PROBLEM TO WORK ON
Tally every line of the records below that includes "percussion", and reply with the total alone.

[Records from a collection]
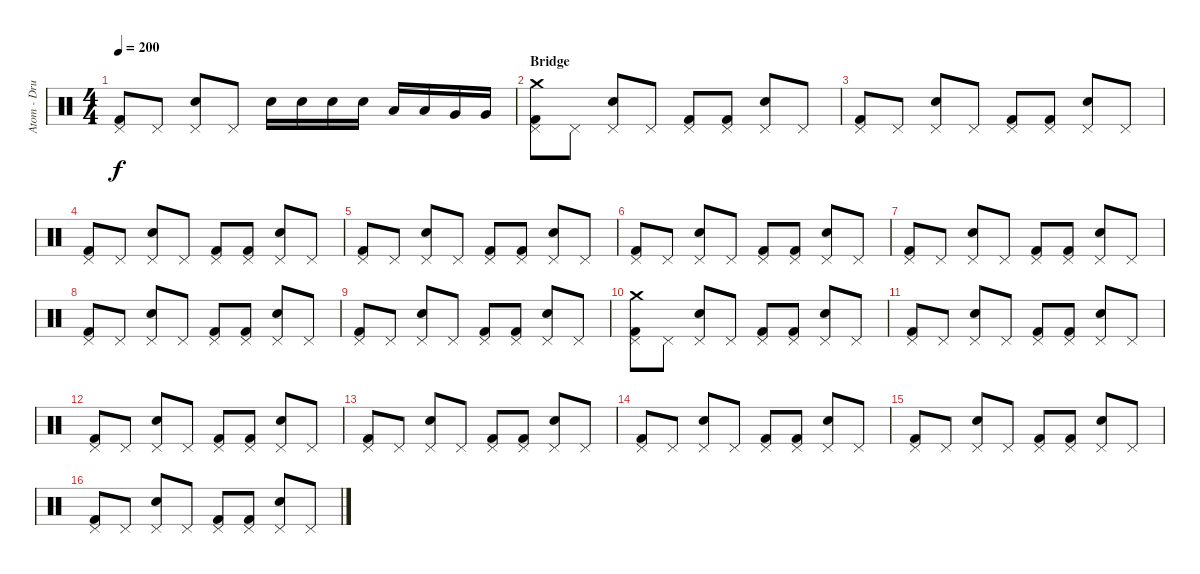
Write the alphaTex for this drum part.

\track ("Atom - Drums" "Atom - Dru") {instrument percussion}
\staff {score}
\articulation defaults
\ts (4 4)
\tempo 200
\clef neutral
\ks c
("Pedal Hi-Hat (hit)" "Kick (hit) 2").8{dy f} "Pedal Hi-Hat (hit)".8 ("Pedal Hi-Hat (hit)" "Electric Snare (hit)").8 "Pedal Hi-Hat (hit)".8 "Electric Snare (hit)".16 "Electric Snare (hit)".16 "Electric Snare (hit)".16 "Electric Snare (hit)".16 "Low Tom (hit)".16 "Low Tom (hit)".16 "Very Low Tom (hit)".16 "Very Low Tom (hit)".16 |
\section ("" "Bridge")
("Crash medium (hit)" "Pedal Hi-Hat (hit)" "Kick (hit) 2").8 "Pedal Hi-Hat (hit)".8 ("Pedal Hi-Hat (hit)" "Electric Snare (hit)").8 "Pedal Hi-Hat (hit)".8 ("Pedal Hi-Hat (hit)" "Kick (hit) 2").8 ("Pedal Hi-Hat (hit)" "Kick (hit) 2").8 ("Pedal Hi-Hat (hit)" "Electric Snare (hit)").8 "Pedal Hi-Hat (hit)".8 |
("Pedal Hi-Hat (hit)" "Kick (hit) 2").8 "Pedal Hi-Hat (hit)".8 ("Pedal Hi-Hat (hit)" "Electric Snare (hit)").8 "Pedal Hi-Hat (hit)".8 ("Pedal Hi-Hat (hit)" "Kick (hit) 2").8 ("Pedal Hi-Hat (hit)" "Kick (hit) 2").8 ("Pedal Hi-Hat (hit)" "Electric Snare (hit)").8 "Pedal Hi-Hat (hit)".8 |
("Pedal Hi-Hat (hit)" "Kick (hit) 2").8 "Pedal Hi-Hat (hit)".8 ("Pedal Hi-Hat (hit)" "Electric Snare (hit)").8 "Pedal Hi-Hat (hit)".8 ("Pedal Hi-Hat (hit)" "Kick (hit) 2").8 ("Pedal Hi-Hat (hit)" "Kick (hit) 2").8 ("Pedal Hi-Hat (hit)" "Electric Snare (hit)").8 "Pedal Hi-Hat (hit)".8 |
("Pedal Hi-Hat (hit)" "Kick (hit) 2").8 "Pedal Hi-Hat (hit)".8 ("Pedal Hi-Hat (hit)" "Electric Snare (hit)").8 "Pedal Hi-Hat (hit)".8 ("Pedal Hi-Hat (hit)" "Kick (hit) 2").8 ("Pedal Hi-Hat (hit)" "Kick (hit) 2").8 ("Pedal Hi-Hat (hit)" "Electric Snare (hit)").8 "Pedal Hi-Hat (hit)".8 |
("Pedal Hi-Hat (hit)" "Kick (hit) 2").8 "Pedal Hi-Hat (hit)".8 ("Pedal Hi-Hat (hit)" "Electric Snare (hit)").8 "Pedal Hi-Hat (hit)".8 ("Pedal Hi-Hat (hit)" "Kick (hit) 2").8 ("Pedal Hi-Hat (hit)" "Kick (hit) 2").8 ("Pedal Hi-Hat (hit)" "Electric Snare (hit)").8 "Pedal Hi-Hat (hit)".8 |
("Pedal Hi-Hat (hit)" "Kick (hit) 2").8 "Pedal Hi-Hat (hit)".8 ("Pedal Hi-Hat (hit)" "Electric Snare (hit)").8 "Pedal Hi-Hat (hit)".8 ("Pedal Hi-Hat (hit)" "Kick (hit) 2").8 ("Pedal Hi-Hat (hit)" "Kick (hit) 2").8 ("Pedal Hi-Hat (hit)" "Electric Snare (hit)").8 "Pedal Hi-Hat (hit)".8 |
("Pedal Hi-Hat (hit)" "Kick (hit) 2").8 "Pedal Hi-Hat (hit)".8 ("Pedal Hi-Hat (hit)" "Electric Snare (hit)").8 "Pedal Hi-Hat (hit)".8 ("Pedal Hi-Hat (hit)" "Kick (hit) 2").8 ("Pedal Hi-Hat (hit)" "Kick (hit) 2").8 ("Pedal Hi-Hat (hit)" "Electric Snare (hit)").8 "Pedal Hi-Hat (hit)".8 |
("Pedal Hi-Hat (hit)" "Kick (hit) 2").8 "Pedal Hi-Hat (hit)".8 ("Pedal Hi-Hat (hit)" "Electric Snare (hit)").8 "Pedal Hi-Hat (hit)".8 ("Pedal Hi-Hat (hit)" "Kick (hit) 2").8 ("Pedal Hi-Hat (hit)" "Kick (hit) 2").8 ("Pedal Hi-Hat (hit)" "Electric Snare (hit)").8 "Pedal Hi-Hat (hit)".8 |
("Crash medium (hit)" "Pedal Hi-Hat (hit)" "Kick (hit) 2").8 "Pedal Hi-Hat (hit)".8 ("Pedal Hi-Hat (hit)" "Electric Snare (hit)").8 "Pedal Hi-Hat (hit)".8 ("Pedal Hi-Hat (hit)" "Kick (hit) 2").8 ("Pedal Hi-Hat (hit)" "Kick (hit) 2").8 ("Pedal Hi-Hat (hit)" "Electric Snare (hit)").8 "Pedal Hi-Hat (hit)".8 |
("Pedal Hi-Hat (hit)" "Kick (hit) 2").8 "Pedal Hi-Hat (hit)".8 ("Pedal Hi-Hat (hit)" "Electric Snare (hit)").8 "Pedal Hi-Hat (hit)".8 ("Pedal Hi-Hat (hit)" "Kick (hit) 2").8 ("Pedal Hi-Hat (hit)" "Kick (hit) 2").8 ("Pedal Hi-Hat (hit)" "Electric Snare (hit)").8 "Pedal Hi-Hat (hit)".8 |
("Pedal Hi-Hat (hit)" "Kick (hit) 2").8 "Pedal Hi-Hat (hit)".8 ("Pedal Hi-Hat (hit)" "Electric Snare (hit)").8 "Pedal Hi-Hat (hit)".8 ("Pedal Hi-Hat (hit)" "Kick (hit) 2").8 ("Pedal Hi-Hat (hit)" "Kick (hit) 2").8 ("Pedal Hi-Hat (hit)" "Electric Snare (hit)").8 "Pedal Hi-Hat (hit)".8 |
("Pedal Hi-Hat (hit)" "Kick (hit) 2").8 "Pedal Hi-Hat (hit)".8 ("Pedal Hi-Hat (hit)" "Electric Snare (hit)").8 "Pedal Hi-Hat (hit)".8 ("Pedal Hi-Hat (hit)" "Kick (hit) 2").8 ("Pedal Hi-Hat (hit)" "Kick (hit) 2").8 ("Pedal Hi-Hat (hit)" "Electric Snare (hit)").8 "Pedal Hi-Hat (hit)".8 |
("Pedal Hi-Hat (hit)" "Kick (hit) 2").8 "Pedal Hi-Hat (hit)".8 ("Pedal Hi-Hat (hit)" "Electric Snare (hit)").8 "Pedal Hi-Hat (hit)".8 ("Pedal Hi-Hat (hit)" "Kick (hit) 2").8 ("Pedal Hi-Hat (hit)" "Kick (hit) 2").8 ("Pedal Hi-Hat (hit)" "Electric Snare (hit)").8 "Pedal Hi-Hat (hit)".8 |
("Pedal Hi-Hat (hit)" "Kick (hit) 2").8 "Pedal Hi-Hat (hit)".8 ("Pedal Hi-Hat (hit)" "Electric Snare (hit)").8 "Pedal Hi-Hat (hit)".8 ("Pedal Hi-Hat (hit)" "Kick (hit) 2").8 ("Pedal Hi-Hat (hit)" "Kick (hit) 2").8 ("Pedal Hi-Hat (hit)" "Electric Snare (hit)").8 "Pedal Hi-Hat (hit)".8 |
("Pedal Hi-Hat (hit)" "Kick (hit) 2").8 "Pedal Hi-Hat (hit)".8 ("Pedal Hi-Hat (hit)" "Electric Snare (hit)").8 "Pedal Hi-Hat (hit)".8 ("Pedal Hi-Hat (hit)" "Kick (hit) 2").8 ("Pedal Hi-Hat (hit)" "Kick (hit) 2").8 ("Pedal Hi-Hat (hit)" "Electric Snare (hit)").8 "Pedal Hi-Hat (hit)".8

...

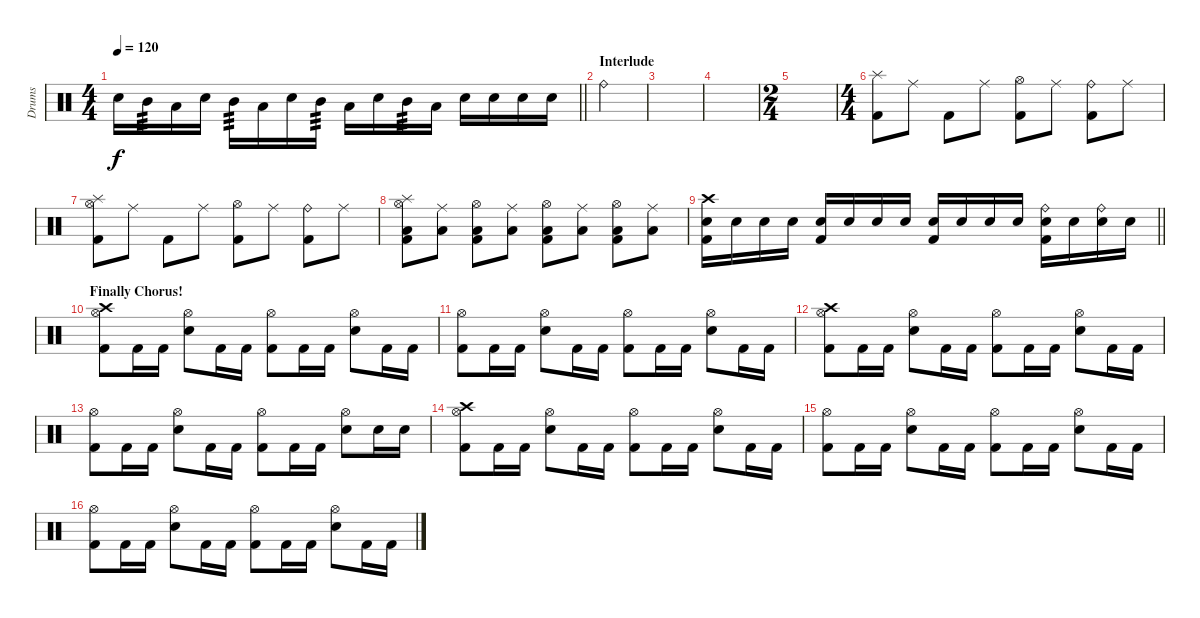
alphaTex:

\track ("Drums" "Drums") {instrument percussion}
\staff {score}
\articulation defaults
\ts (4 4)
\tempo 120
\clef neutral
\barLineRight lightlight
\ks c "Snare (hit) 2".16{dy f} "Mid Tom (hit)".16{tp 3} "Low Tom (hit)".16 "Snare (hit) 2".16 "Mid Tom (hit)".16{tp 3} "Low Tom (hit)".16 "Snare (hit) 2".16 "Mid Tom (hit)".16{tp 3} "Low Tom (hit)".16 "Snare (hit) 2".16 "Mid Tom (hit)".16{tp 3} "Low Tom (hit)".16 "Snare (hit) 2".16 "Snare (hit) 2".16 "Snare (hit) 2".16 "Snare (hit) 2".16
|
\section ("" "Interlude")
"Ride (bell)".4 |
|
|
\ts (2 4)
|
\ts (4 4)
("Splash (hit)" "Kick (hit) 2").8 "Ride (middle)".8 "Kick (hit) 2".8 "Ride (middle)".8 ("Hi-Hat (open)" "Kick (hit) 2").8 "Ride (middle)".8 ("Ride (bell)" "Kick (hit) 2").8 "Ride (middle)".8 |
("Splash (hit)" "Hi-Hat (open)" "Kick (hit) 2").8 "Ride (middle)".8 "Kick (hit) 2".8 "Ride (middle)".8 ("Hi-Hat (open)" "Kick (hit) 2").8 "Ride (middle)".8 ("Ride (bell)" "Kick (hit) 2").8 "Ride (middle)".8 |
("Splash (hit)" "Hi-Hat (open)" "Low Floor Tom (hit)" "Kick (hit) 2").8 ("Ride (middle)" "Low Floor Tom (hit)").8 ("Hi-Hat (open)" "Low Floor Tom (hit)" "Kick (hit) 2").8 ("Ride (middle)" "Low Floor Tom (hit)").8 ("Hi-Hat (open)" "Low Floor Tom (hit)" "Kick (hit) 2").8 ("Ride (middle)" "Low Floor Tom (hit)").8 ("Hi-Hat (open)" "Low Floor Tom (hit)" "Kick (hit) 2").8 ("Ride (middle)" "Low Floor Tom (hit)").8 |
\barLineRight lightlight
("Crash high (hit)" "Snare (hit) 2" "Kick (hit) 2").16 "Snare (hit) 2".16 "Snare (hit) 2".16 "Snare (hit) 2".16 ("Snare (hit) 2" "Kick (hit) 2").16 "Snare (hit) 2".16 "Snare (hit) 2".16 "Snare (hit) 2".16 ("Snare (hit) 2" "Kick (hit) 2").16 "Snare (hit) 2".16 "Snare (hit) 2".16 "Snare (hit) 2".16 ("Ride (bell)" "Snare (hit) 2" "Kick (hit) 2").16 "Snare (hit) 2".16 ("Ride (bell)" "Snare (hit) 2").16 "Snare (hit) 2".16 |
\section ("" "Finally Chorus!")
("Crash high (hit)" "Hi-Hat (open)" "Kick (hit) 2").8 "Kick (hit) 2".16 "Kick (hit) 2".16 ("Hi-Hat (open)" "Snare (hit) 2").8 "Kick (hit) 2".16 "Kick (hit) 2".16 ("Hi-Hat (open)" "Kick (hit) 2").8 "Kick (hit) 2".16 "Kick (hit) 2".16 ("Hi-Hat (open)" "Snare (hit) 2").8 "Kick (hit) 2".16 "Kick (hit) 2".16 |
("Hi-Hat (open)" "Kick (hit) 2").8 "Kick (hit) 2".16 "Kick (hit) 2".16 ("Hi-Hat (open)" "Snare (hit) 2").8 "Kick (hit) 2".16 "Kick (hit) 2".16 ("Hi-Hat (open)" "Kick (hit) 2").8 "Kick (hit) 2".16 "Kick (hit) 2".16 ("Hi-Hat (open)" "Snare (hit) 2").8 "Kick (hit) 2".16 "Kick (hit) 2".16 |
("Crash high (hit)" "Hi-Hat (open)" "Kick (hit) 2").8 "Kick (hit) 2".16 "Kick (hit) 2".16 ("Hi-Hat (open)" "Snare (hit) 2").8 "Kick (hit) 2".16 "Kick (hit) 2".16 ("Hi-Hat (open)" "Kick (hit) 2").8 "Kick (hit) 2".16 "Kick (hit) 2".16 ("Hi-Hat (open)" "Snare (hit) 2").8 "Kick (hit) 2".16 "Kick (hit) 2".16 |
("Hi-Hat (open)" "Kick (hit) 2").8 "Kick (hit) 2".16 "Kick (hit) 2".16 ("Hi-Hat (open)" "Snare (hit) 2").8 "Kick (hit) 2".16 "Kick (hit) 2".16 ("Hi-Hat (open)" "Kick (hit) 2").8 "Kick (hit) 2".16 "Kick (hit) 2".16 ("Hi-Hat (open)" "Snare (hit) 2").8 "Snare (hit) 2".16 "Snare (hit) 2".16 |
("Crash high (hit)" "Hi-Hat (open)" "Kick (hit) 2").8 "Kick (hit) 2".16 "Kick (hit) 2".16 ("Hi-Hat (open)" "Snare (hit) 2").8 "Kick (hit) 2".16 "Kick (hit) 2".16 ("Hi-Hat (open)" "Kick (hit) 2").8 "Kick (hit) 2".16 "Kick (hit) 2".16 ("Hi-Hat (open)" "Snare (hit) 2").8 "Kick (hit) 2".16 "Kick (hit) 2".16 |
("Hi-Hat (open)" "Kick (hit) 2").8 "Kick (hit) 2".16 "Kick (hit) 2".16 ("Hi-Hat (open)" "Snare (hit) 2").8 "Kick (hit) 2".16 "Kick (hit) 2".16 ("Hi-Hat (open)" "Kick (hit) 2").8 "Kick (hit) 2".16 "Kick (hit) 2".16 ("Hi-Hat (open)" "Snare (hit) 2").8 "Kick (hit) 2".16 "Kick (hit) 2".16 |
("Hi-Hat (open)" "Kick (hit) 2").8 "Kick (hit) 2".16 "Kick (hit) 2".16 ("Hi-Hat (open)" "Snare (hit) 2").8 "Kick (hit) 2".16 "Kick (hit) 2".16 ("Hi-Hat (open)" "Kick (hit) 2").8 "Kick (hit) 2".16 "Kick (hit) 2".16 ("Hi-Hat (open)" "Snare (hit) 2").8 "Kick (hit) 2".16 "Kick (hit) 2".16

ANSWER SPACE
2